На следующее утро ветер утих. Это было просто чудом. Мы проснулись солнечным, золотым днем. Море было спокойным и синим, его гладкую, как зеркало, поверхность, не волновала почти никакая рябь, небо — безоблачное и сверкающее своим обычным несказанным светом. Только поломанные деревья и сорванные стебли и цветы, мусор на лужайках напоминали о минувшем шторме.
Сиделка должна была прибыть в полдень. Этьен собирался улететь обратным рейсом. Я не удивилась, узнав, что Рауль остается.
— Будет лучше для всех, если я останусь здесь, и Василис разрешил мне это, — объяснил он. — Я буду наблюдать за Ледой и, когда попытаемся перевезти ее в Афины, буду ее сопровождать. А также на пути в Париж.

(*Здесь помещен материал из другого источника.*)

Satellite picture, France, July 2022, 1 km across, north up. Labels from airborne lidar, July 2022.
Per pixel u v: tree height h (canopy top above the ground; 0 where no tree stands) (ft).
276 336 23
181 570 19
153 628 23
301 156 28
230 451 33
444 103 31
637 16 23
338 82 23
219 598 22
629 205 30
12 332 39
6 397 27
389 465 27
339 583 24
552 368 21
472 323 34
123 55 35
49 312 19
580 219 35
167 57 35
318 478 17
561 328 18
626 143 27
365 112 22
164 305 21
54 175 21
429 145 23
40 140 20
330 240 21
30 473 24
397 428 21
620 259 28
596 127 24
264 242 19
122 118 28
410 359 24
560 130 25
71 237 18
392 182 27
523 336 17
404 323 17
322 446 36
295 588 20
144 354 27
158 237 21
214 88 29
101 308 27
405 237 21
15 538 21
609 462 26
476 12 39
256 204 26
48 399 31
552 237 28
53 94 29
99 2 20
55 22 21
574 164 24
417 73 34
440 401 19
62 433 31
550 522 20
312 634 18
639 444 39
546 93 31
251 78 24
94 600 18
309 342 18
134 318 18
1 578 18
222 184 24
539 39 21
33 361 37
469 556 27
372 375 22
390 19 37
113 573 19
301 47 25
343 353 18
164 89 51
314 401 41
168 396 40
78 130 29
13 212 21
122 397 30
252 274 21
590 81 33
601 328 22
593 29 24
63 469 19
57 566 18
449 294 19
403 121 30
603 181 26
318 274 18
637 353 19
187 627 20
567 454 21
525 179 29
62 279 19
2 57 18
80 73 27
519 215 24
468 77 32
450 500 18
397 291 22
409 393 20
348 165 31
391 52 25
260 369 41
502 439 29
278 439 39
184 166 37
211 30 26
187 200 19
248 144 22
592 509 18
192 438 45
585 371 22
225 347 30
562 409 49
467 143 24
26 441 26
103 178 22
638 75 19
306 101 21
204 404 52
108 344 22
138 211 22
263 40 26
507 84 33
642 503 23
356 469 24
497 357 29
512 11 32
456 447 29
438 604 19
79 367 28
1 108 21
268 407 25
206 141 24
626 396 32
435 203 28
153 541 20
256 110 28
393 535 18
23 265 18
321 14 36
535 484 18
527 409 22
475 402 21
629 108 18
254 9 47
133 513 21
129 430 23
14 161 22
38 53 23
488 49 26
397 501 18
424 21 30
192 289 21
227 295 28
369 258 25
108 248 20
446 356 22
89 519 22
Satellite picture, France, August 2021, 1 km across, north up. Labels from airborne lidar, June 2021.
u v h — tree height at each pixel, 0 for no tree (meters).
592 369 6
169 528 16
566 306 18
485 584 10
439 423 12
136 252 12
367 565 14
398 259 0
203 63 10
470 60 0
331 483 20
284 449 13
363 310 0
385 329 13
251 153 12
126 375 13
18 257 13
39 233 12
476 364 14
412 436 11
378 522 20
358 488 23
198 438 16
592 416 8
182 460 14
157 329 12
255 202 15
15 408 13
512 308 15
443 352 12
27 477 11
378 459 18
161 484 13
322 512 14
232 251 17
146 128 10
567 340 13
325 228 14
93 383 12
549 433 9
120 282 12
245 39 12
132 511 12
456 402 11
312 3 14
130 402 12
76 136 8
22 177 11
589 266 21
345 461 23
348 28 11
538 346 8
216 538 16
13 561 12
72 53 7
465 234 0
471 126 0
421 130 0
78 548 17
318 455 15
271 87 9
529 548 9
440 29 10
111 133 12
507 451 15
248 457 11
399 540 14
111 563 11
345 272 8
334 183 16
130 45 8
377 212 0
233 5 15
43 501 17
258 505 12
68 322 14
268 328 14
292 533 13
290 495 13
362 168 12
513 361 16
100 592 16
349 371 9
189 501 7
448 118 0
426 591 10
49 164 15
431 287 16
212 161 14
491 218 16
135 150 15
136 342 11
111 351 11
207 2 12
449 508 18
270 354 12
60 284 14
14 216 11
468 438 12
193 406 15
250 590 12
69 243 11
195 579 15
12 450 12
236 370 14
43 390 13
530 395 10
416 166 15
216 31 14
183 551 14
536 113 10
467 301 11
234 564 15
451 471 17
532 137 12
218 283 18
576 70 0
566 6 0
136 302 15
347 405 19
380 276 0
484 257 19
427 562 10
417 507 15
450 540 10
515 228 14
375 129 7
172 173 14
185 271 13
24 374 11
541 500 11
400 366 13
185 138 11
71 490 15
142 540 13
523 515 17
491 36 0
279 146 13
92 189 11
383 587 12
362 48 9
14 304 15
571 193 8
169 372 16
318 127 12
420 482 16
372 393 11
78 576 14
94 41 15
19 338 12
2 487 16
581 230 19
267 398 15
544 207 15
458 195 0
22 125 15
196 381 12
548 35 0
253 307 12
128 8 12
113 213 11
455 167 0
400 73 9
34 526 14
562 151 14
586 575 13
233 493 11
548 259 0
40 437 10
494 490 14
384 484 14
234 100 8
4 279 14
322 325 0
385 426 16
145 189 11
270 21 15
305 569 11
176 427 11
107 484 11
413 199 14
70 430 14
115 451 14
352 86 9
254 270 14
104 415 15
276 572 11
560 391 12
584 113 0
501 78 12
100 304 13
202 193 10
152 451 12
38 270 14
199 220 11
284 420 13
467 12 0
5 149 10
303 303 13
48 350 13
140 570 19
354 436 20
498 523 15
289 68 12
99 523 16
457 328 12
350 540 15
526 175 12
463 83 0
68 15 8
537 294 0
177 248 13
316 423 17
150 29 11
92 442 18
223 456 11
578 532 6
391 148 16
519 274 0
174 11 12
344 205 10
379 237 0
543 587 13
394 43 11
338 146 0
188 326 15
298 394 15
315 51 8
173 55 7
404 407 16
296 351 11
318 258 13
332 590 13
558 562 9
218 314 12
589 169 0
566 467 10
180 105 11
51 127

Я не видела Леды несколько дней. Сиделка — худая темноволосая женщина лет тридцати — входила и выходила бесшумно, принося еду в гостиную и все время следя за своей подопечной. Пол улетел вместе с Этьеном в Афины, потому что у него были какие-то дела, требовавшие его присутствия. Василис оставался в заточении в своем кабинете большую часть дня, появляясь только за столом, где он выдерживал официальную отстраненную манеру в отношении всех, даже Рауля. Или, может быть, это Рауль был с нами необычно сдержан?
Я проводила время на пляже с Ники, стараясь воспользоваться солнцем как можно больше в последние дни. Мне казалось неудобным начинать сборы, пока не уедет Леда, а с ней Рауль и сиделка. Когда вилла перестанет выглядеть как больница и вернется к своему нормальному ритму жизни, я сообщу Василису о намеченной дате отъезда, а потом как-нибудь соберусь с силами сказать об этом Полу.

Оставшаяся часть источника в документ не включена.